Closed singhkpratham closed 1 year ago

singhkpratham commented 2 years ago

The documentation says:

it is limited to transformers, so the last part of a pipeline (e.g., a classifier) can't be switched in this manner (at least I wasn't able to, please correct me if I'm wrong)

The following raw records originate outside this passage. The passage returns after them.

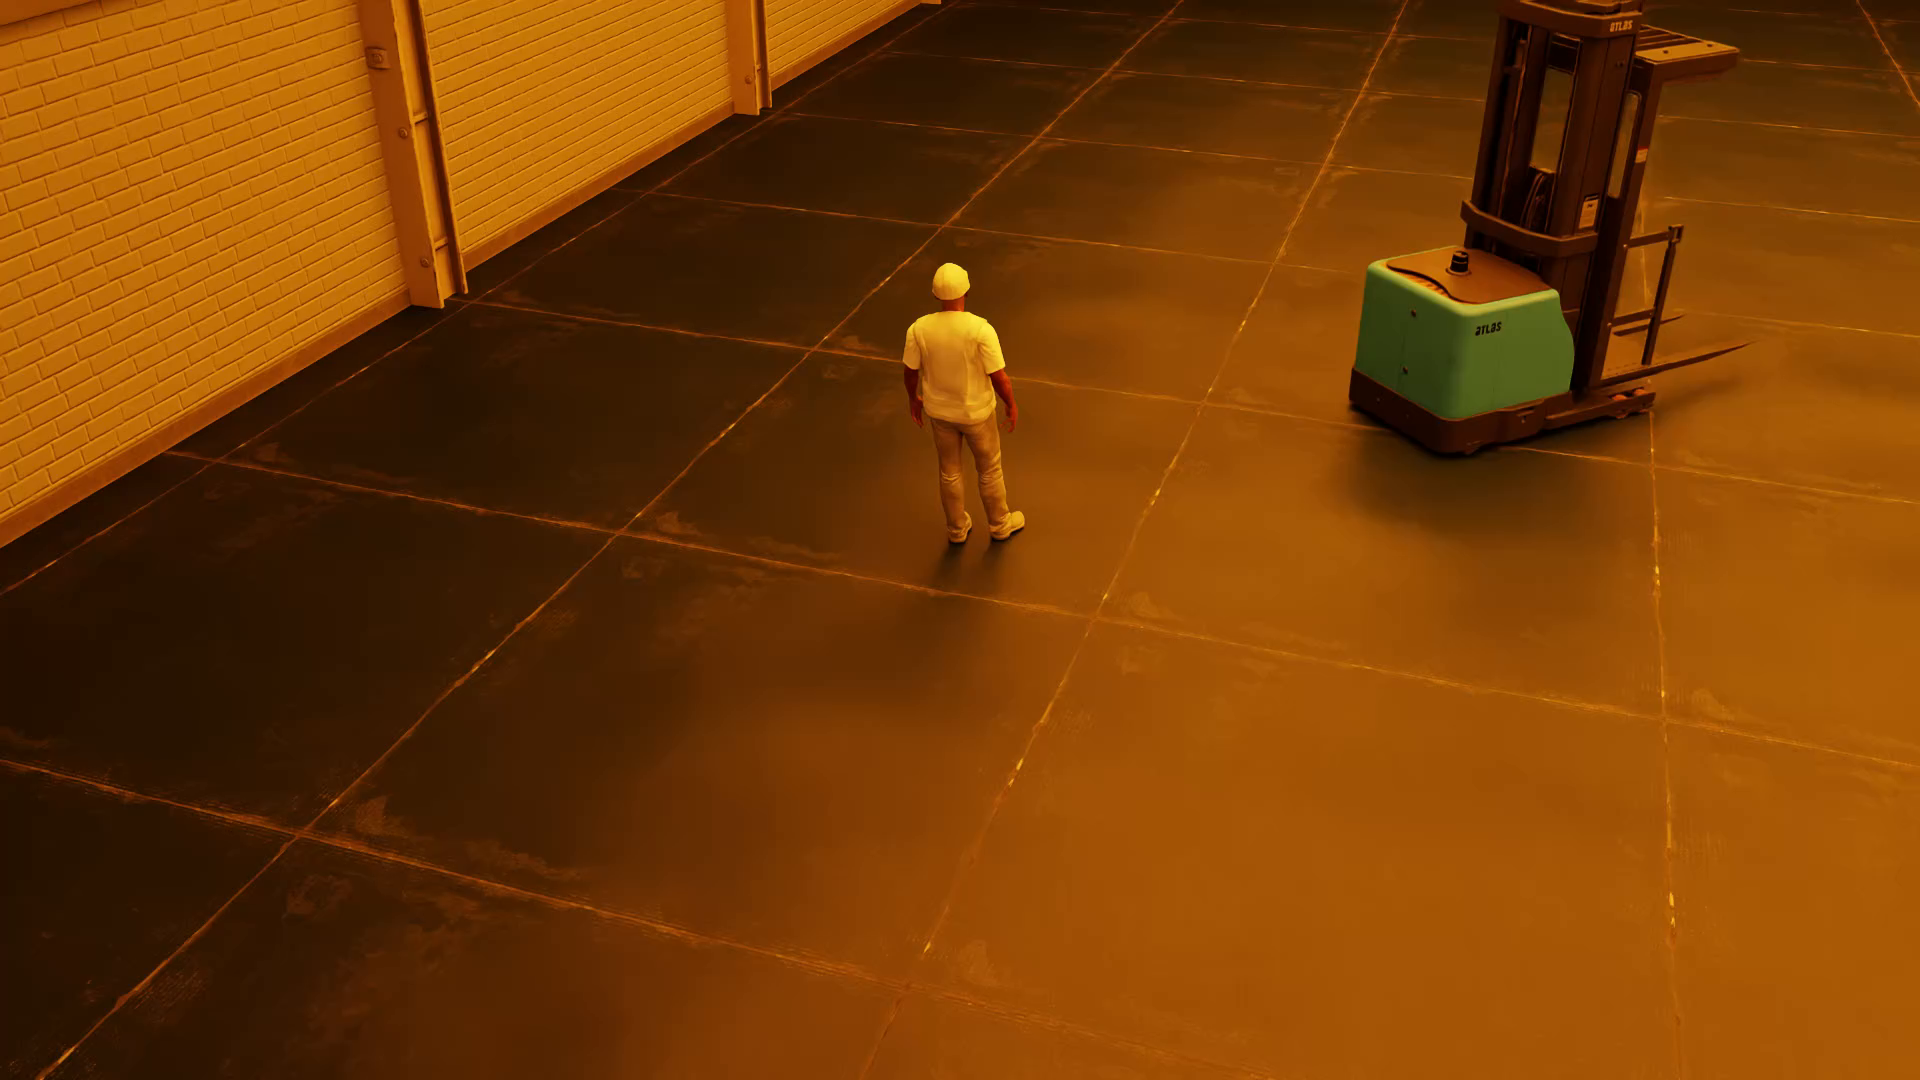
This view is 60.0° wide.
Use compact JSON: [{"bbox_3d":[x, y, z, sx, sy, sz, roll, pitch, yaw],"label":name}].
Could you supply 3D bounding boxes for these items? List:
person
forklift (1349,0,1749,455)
[{"bbox_3d":[0.028,-0.805,9.710,0.665,1.765,0.577,10,31,16],"label":"person"},{"bbox_3d":[4.285,-2.335,11.233,3.031,2.935,1.130,-14,33,-23],"label":"forklift"}]
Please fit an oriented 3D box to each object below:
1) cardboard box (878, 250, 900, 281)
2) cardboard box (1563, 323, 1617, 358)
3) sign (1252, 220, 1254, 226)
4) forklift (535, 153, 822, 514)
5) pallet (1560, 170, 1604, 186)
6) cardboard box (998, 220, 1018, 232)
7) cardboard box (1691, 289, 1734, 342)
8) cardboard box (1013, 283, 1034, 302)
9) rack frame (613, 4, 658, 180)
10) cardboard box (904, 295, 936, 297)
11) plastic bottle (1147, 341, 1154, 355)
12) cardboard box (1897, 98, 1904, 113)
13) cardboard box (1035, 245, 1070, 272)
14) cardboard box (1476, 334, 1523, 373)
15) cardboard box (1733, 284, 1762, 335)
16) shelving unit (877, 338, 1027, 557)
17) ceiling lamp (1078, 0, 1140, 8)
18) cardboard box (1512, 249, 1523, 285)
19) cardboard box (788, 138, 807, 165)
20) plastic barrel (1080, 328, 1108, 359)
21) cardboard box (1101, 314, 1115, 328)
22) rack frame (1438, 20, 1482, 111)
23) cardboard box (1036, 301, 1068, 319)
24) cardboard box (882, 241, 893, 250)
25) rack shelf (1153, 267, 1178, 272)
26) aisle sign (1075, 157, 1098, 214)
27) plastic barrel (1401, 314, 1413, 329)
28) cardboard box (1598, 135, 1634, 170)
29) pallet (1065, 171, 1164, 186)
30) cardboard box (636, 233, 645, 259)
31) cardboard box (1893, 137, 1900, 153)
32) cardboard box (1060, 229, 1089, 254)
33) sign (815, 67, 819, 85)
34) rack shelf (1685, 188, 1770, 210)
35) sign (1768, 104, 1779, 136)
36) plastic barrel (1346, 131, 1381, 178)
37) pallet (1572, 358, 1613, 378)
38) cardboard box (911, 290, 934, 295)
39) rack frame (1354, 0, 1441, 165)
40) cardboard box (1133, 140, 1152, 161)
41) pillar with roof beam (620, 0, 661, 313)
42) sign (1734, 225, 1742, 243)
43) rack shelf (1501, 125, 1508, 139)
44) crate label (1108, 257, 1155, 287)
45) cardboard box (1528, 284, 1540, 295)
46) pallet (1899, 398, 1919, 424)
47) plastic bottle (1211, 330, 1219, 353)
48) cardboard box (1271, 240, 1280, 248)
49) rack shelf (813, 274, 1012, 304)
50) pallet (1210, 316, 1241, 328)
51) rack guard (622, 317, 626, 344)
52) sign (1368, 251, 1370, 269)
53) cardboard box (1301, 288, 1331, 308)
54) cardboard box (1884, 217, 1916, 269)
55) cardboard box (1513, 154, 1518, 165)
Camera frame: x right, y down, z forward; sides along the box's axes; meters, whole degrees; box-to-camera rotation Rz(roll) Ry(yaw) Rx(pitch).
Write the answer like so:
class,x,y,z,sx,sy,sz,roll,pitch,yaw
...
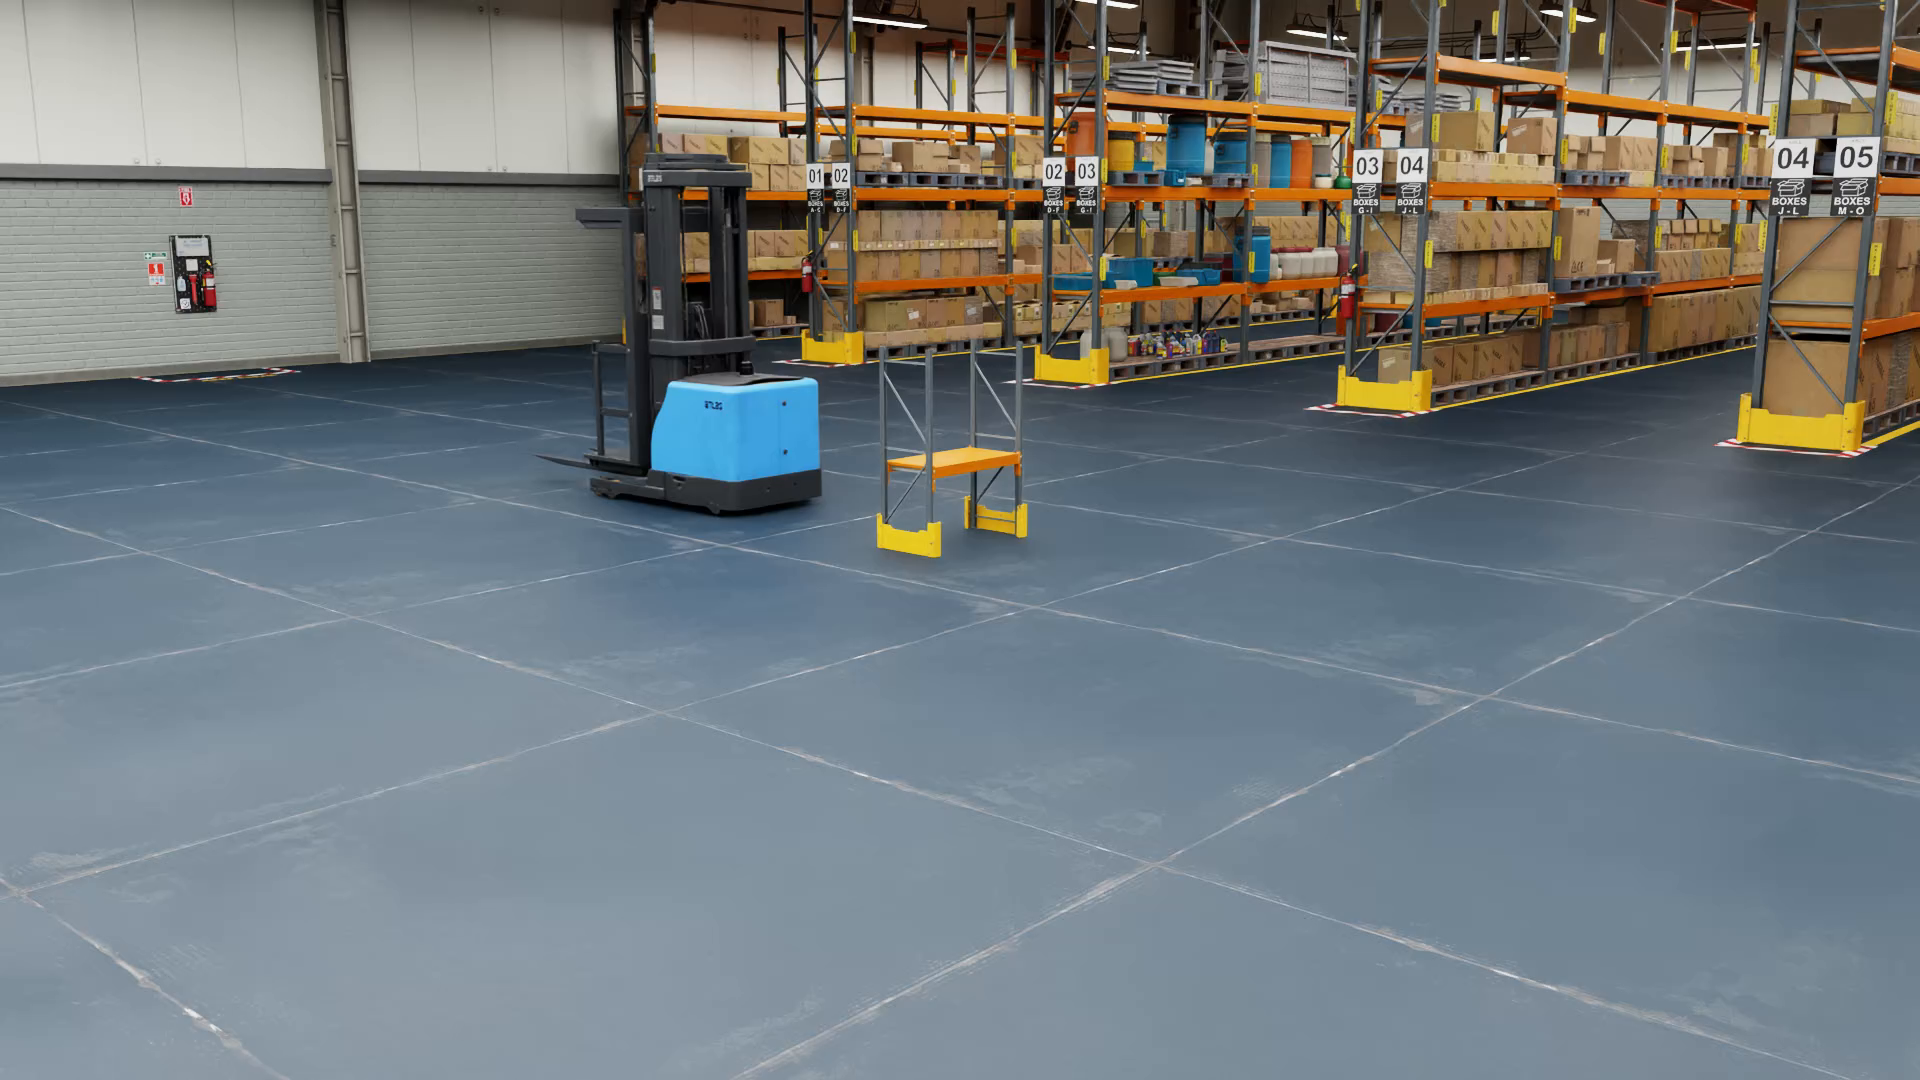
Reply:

Classifiers can certainly be switched, for example:

import pandas as pd
from sklearn.pipeline import make_pipeline, Pipeline
from sklearn.svm import LinearSVC
from sklearn.model_selection import GridSearchCV
from sklearn.tree import DecisionTreeClassifier
from sklearn.ensemble import RandomForestClassifier

iris = pd.read_csv("https://raw.githubusercontent.com/mwaskom/seaborn-data/master/iris.csv")
pl = Pipeline([
    ('est',LinearSVC())
])
param_grid=[
    #{'est':[LinearSVC()]},
    {'est':[RandomForestClassifier()],'est__n_estimators':[5,10,25]},
    {'est':[DecisionTreeClassifier()]},

]
a = GridSearchCV(pl,param_grid)
a.fit(iris.drop(columns='species'),iris.species)
a.best_params_
  Output: {'est': RandomForestClassifier(n_estimators=5), 'est__n_estimators': 5}

Do correct me if I am misunderstanding.

bmurauer commented 2 years ago

thanks for sharing! While I still see some advantages in my approach in terms of clarity, it certainly seems to make this helper quite obsolete for most purposes :thinking: I will leave this ticket open until I have fixed the documentation.

bmurauer commented 1 year ago

I have updated the readme and will soon archive this project.